Reply: Thank you for this comment. After the revision, the table number has changed to Table 7. We agree that including additional baselines would strengthen the experimental validation. However, to the best of our knowledge, the two previously reported SOTA methods are the only approaches that provide results on this specific dataset, and thus they remain the only directly comparable methods on this benchmark. To address your suggestion, we have expanded Table 7 by adding results for several additional representative SOTA visual and multimodal methods that deal with similar tasks. Although these methods are not evaluated on our dataset, we include them to provide a broader contextual comparison and position our method with respect to SOTA approaches.
Lines 576-580: A comparison with contemporary visual and multimodal SOTA models [17, 22, 24] trained on other representative single-task datasets sourced from YouTube (e.g., D-Vlog and YouTubePD) indicates that our proposed model achieves results comparable to these methods and, in many cases, surpasses them.
Comment 5: Multi-task classification and label interpretation
The proposed method appears to focus on multi-task classification. In such a setting, multiple label combinations may be possible (e.g., HC, PD, Depressed, PD+Depressed). It is not clear how the model handles cases involving multiple conditions. Please clarify how classification decisions are made when multiple categories are present and how the outputs should be interpreted in such scenarios.
Reply: Thank you for this comment. In our dataset, each video is annotated with exactly one label for the Parkinson’s disease (PD) and one label for the depression, and, according to the available annotations [32], there are no samples simultaneously labeled as positive for both cases (i.e., no explicit comorbid cases such as PD+Depressed).

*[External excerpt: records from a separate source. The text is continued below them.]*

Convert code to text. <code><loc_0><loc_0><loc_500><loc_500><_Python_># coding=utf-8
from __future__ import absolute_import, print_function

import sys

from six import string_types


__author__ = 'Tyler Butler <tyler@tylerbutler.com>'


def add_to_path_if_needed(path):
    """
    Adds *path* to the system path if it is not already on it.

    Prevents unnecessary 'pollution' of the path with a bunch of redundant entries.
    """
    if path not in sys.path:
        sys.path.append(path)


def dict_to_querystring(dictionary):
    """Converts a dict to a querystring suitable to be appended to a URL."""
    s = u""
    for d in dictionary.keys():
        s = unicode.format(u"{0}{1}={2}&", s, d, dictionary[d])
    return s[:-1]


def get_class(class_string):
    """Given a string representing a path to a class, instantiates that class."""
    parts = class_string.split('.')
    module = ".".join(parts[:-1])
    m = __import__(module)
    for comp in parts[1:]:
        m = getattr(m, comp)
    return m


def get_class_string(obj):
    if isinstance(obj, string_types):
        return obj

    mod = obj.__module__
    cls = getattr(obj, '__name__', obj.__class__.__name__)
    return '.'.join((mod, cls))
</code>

Consequently, we were not able to empirically evaluate the model’s behavior under explicit comorbidity labeling or to report performance for such combined categories. Throughout this work, we therefore proceeded under the dataset-driven assumption that, within this corpus, the presence of one disease implies the absence of another one. We agree, however, that handling comorbidity is an important and practically relevant scenario. In future work, we plan to extend the annotation scheme of the WSM corpus to explicitly capture ambiguous and comorbid cases (including combinations such as those in your examples), which will enable a systematic analysis of multi-disease scenarios and a more precise interpretation of multi-task outputs. Moreover, we have expanded the research corpus description, to explicitly mention these limitations on the comorbidity of the current pipeline.
Lines 418-423: Importantly, the annotation protocol [32] used provides only binary labels (disorder or healthy) within each sub-corpus and does not include any comorbidity (e.g., both depression and PD, or PD and Alzheimer’s disease) as an explicit category. Therefore, our study does not model or estimate multi-label combinations, and the outputs should be interpreted only with respect to the single-disease labels available in the corpus.

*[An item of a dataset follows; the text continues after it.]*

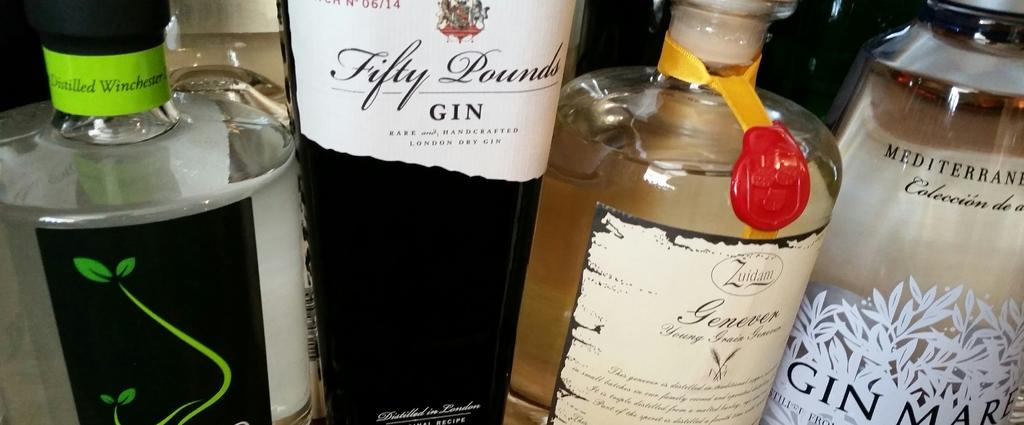<image>
Give a short and clear explanation of the subsequent image. Four gin bottles next to each other, including Distilled Westchester, Fifty Pounds, Genever,

Lines 773-776: Fourthly, since the current study does not evaluate comorbid conditions due to the lack of explicit annotations, in future work we plan to investigate multi-disease settings by leveraging corpora with annotated comorbidity cases.
Author Response File:
Author Response.pdf
Round 2
Reviewer 1 Report
Comments and Suggestions for AuthorsThe authors have revised the manuscript according to the reviewers' comments.
Reviewer 2 Report
Comments and Suggestions for AuthorsThe authors took all my comments into account. I can recommend the manuscript for publication.
Reviewer 3 Report
Comments and Suggestions for AuthorsIn this revision, all the issues raised have been fully addressed.